The nervous system can be divided into so-called levels, described by MacLean as the triune model of the brain. The lowest level of response to stimuli consists of the spinal cord centers, which control reflexes (also muscle tone, reflex reactions of blood vessels). The next one is the lower brain level (subcortical) with reticular formation of the medulla oblongata, midbrain vestibular nucleus, hypothalamus, and limbic system. They are responsible for maintaining blood pressure, breathing pattern, and the position of the eye. The highest in the hierarchy is the higher (cortex) level with the cerebral cortex, coordinating all brain functions including the sight, hearing, and other complex activities, apart from reflex reactions controlled by lower centers [11,12]. The sympathetic and parasympathetic systems are associated with all brain levels through afferent and efferent pathways in all organs, with a different predominance. They control organs by reflexes and through cortical and other central control centers—some of the functions controlled are heart rate, arterial diameter, regulation of the urinary bladder, and tracheal diameter, which are measured as vital signs during anesthesia [13].
Electroencephalography signal is generated by rhythmic neural sources that are spontaneous per se but also act as regular oscillators.
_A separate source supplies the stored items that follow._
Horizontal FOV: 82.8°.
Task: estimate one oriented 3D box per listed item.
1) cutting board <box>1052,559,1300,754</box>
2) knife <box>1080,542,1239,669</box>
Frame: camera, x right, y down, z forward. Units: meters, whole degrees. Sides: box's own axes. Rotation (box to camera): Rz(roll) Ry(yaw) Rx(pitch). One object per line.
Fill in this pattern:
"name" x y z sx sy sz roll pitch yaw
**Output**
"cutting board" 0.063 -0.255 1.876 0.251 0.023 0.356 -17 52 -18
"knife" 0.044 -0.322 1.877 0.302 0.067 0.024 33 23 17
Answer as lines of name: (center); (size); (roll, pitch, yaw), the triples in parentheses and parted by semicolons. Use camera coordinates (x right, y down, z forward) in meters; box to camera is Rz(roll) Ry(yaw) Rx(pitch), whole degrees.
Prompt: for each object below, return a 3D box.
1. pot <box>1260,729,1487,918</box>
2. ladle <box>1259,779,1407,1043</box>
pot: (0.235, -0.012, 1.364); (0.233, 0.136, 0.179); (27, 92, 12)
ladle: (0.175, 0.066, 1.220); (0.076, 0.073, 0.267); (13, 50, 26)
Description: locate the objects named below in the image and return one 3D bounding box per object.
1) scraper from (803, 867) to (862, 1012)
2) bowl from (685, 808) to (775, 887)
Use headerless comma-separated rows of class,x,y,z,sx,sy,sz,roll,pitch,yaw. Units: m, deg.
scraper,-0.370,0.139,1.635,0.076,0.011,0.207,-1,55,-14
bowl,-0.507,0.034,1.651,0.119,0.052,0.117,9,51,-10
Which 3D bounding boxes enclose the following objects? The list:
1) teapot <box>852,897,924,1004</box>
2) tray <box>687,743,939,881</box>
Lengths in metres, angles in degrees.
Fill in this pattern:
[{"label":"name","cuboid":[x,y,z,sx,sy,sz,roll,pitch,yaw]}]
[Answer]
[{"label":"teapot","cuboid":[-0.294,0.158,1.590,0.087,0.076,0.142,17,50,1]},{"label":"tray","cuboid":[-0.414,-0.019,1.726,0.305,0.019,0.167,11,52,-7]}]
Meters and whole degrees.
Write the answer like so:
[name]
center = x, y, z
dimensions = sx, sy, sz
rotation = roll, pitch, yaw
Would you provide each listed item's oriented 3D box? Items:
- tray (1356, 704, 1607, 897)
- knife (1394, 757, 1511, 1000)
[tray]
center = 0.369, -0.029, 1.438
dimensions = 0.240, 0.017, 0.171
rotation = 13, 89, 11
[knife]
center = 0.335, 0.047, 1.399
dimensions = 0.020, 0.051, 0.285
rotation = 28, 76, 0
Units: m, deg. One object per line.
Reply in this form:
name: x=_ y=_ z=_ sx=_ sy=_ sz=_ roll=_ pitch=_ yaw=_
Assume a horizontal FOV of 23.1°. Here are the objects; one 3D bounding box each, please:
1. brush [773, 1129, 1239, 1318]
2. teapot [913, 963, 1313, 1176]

Their source is in the cerebral cortex, exactly in its layer of pyramid cells [1] partially modulated by glial cells [12]. The cerebral cortex is responsible for many key functions such as learning and cognitive processes [14]. In addition, it has been shown that the cortex is stimulated during the action of nociceptive stimuli [15], which is important in anesthetic monitoring. The impulses recorded during the EEG measurement are the sum of electrical signals originating from neurons within the cerebral cortex and as a result of postsynaptic potentials in the neurons located in the lower layers of the cortex [2]. The excitation and inhibitory potentials are distinguished, according to the effect of the type of neuroreceptor, that is stimulated [16].
The frequency and amplitude of the EEG is modulated by the nuclei of the thalamus, which transduces peripherally received signals to the cortex and between its parts. It is generally assumed that the signals measured by the EEG are proportional to the level of consciousness and their frequency decreases with the deepening of the level of anesthesia [16]. The EEG frequency ranges that can be used to determine the level of general anesthesia are:
  • δ (0–4 Hz)—with a large amplitude, characteristic for deep sleep or anesthesia
  • θ (4–8 Hz)—observed in light sleep or anesthesia
  • α (8–13 Hz)—in awake but relaxed state
  • β (13–30 Hz)—rapid oscillations characteristic for awake and high activity of cortex [16,17,18].
The alpha-waves are recorded from the parietal region in conscious and calm animals. Generally, general anesthesia is characterized by the increase of the amplitude and decrease of the frequency. However different anesthetic agents can change the neurologic response and EEG results. This can be used to evaluate the agent influence on cortical activity and patient consciousness [19,20,21].

3. EEG Monitoring during General Anesthesia: Does It Improve Anesthetic Management?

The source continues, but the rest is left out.